Here’s the info on the event in DC:

USA Science & Engineering Festival Expo Dates: October 23 & 24, 2010; 10:00am-5:30pm; This event is free of charge – no tickets required
What is the universe made of? Why did dinosaurs go extinct? What do magic tricks and hip-hop have to with math? What can amphibians and reptiles tell us about the environment? What do engineers have to do with baseball? Find out at the first ever USA Science & Engineering Festival Expo on the National Mall! Explore science & engineering with hundreds of free, hands-on activities and over 40 science shows on three different stages. The two-day Expo is perfect for teens, children and their families, and anyone with a curious mind who is looking for a weekend of fun and discovery.
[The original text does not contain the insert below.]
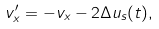<formula> <loc_0><loc_0><loc_500><loc_500>v _ { x } ^ { \prime } = - v _ { x } - 2 \Delta u _ { s } ( t ) ,</formula>

Build an underwater robot, chat with a Nobel Laureate, explore the science behind the magic of Hogwarts Academy and see a car that drives itself. From bugs to birds, kitchen chemistry to computer games, environmental monitoring to electronic music – the Expo has something for everyone and is completely free of charge. The Expo is the pinnacle event of the inaugural USA Science & Engineering Festival to be held in the greater Washington D.C. area October 10-24, 2010. The USA Science & Engineering Festival is a collaboration of over 500 of the nation’s leading science and engineering organizations. For more information on all Festival events and how you can get involved, visit www.usasciencefestival.org

Get involved now: join the over 400 organizations that have already signed up to host an Expo exhibit, become an official Festival Partner, organize a Satellite Event in your community, host a Festival Event, check out our cool school programs like Nifty Fifty and Lunch with a Laureate, volunteer, donate, become a sponsor, participate in one of several contests, buy a Festival T-shirt, follow our blog, and stay on top of it all by signing up for our bi-weekly e-newsletter. Will you be there when science takes over the National Mall?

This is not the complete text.